[Série] En Côte d’Ivoire, une ruée vers l’or contrastée (3/4)
« Les visages du Nord » (3/4). Dans les régions frontalières du Mali et du Burkina Faso, la fièvre de l’or a atteint des proportions sans précédent, bouleversant des équilibres économiques et environnementaux déjà fragiles.
Benjamin a les yeux qui brillent, un vieux maillot de l’Atletico Madrid et les chicots tachetés de noir. Quelques flacons de gin trainent à ses pieds. La terre est ocre, le paysage lunaire. La savane a disparu, remplacée par une immensité de crevasses autour desquelles des silhouettes s’affairent le dos vouté, dans un vrombissement de marteaux-piqueurs. De longs tuyaux s’entremêlent, des tentes ont été dépliées, des souterrains ont été creusés. Combien sont-ils ? Des centaines, peut-être des milliers. Hommes, femmes, enfants. Ils sont maliens, burkinabè, ghanéens, guinéens ou libériens. Ce n’est plus une mine, c’est une ville, avec son économie et ses propres règles.

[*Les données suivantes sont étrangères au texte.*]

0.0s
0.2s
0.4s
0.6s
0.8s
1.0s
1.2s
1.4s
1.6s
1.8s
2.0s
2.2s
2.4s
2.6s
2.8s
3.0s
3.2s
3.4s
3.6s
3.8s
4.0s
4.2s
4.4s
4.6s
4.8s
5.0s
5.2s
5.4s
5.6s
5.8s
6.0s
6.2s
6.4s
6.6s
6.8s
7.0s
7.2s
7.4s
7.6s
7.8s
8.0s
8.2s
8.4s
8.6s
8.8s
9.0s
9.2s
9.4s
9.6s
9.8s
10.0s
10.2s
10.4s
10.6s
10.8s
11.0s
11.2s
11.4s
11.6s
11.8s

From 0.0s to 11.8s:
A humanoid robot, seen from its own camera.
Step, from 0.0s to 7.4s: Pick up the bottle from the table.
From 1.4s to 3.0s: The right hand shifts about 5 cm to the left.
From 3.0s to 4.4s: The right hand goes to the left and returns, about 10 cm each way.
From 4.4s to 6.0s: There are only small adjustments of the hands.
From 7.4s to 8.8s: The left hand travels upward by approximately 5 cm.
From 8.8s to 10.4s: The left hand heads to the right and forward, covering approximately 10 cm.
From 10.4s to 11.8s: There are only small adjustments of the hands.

Une trentaine de chasseurs traditionnels dozos en assurent la sécurité. Leur chef trône à l’ombre d’une grande bâche, engoncé dans un imperméable rouge, une longue dague attachée autour du cou. Plus loin, des femmes préparent du poisson séché. Un homme charge des dizaines de téléphones portables sur une batterie, un autre vend des cigarettes, tandis qu’un forgeron aiguise des pioches. On creuse à plusieurs mètres de profondeur, on passe la terre au détecteur de métaux, on la lave et puis on pèse, les yeux rivés sur la balance, avec l’espoir d’avoir touché le gros lot. C’est la ruée vers l’or. Une course effrénée contre la pauvreté, avec tout ce que le capitalisme dérégulé offre d’opportunités et d’injustices.

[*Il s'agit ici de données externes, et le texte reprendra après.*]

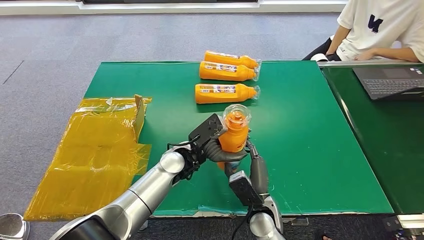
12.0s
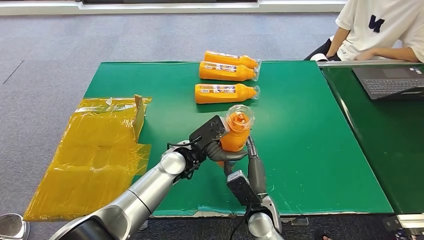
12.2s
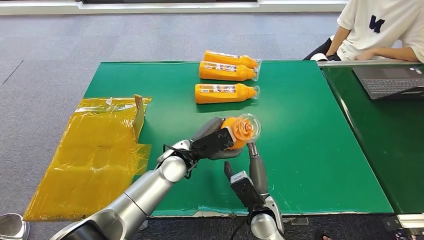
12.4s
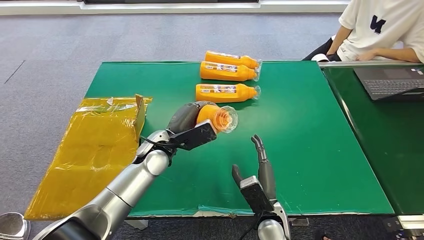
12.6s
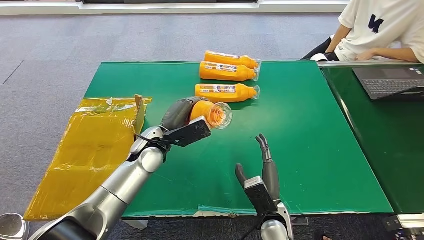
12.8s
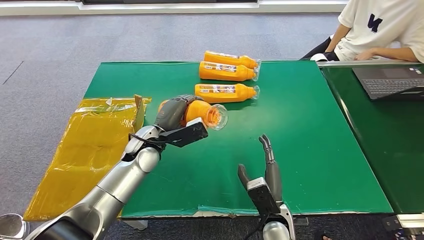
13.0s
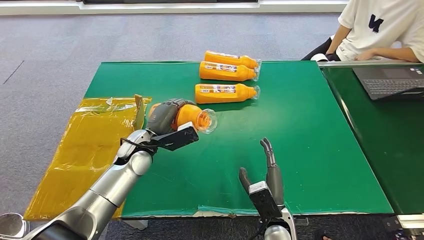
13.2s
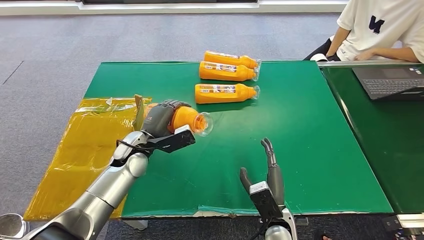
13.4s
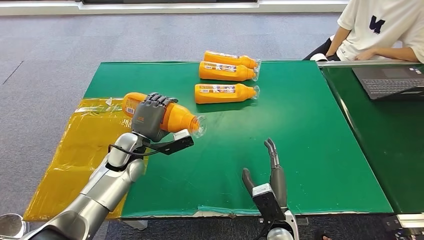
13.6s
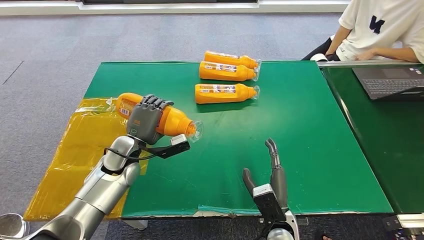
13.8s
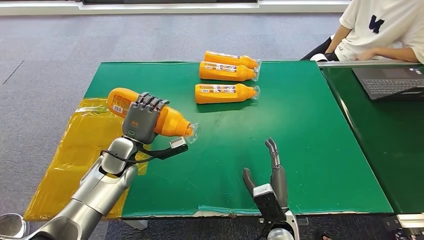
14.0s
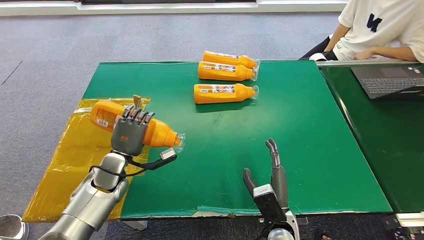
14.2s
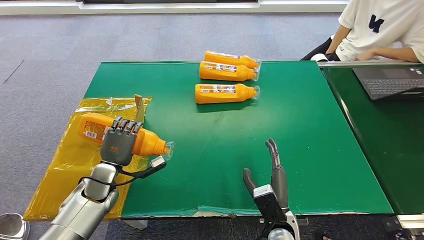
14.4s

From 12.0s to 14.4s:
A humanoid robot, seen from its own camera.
Step, from 12.0s to 14.4s: Turn the bottle to the front side.
From 12.0s to 13.2s: The left hand travels to the left by about 15 cm.
From 13.2s to 14.4s: The left hand goes some 15 cm to the left, downward and backward.

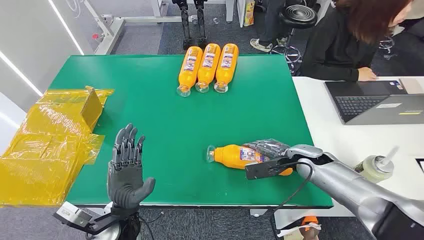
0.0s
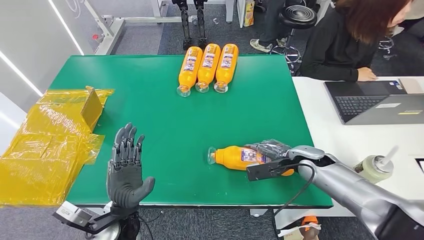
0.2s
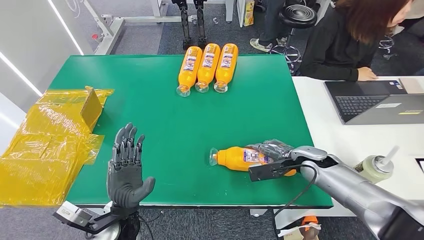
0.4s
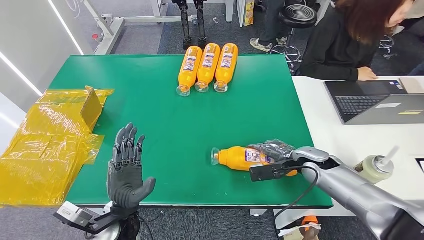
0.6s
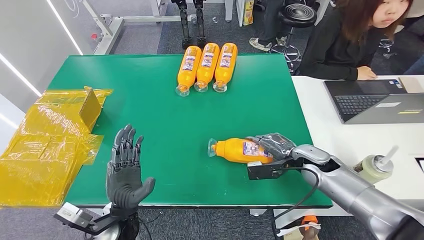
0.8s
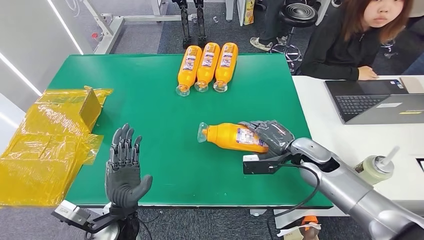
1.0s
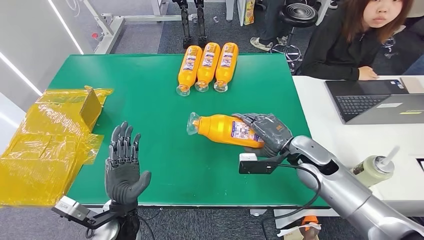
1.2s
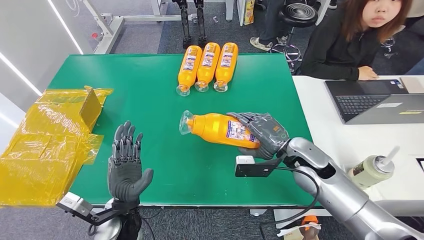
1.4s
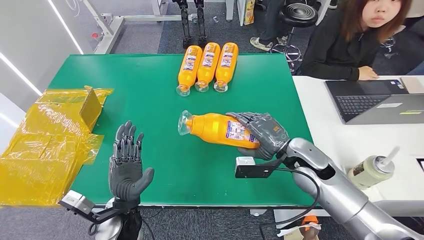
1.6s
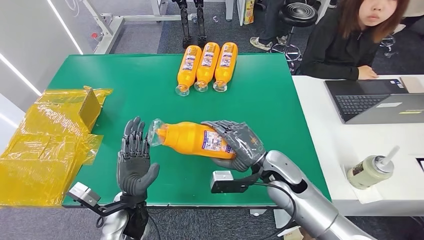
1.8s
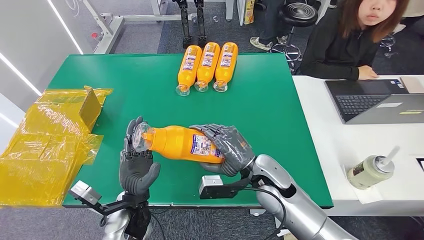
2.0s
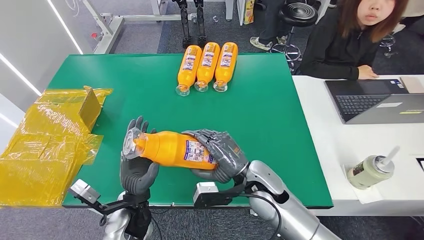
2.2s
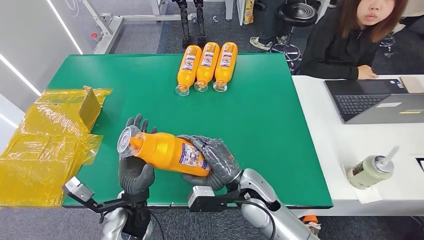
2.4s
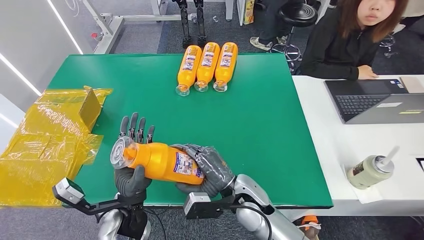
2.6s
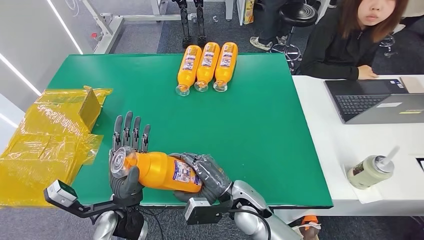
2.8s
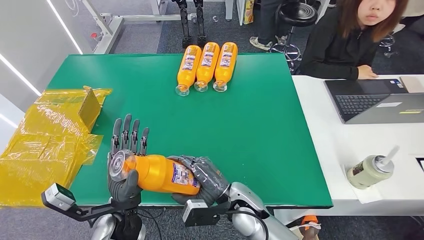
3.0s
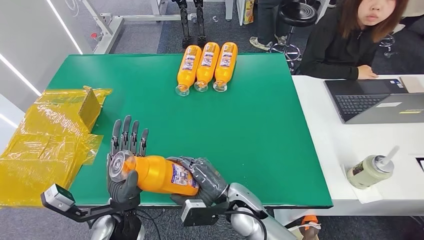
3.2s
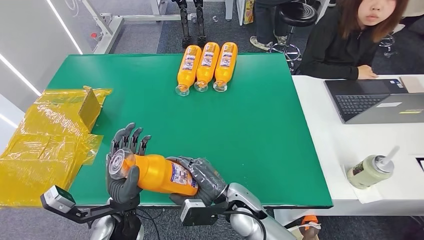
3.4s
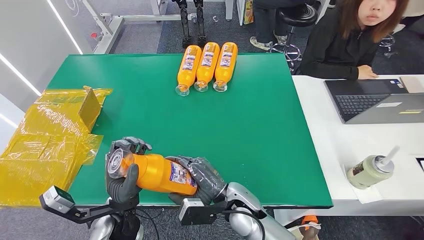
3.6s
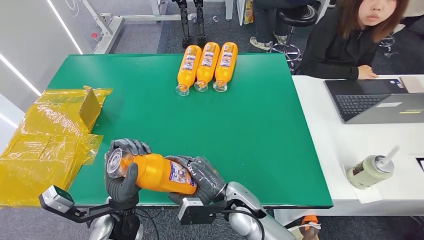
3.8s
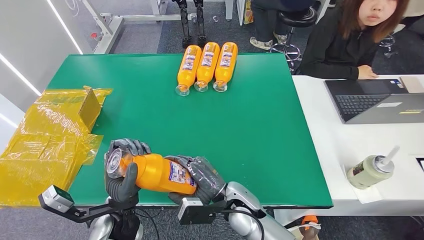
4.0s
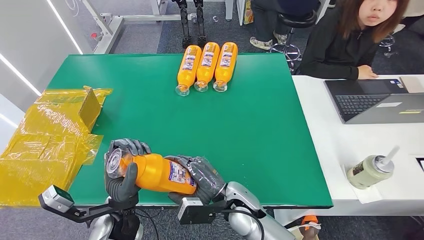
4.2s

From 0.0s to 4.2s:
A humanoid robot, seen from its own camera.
Step, from 0.0s to 2.6s: Pick up the bottle from the table.
From 1.4s to 2.8s: The right hand moves to the left, backward and downward, about 20 cm.
From 2.8s to 4.2s: The hands stay close to where they were, moving slightly.

La mine de Papara se trouve à une trentaine de kilomètres au nord-est de Tengrela. On est encore en Côte d’Ivoire, mais le réseau Orange vous souhaite déjà la bienvenue au Mali. La frontière est toute proche, à quelques centaines de mètres, épousant les rives de la rivière Bagoé.
Cannabis et tramadol
Dans cette région, la fin de l’année coïncide traditionnellement avec les derniers instants de la récolte du coton. Routes et pistes sont prises d’assaut par de grands camions surchargés. C’est aussi la saison de la transhumance des bovins, qui partent à la recherche de verts pâturages – ils errent par milliers le long des routes. Mais en cette matinée de décembre, des dizaines de motos ont envahi le bitume. Des femmes les ont enfourchées, portant à bout de bras ou sur leur tête de grands bacs et des pelles. Des hommes les suivent avec les détecteurs de métaux.
Bien s’informer, mieux décider
Abonnez-vous pour lire la suite et accéder à tous nos articles
Les plus lus
- Au Mali, le Premier ministre Choguel Maïga limogé après ses propos critiques contr...
- CAF : entre Patrice Motsepe et New World TV, un bras de fer à plusieurs millions d...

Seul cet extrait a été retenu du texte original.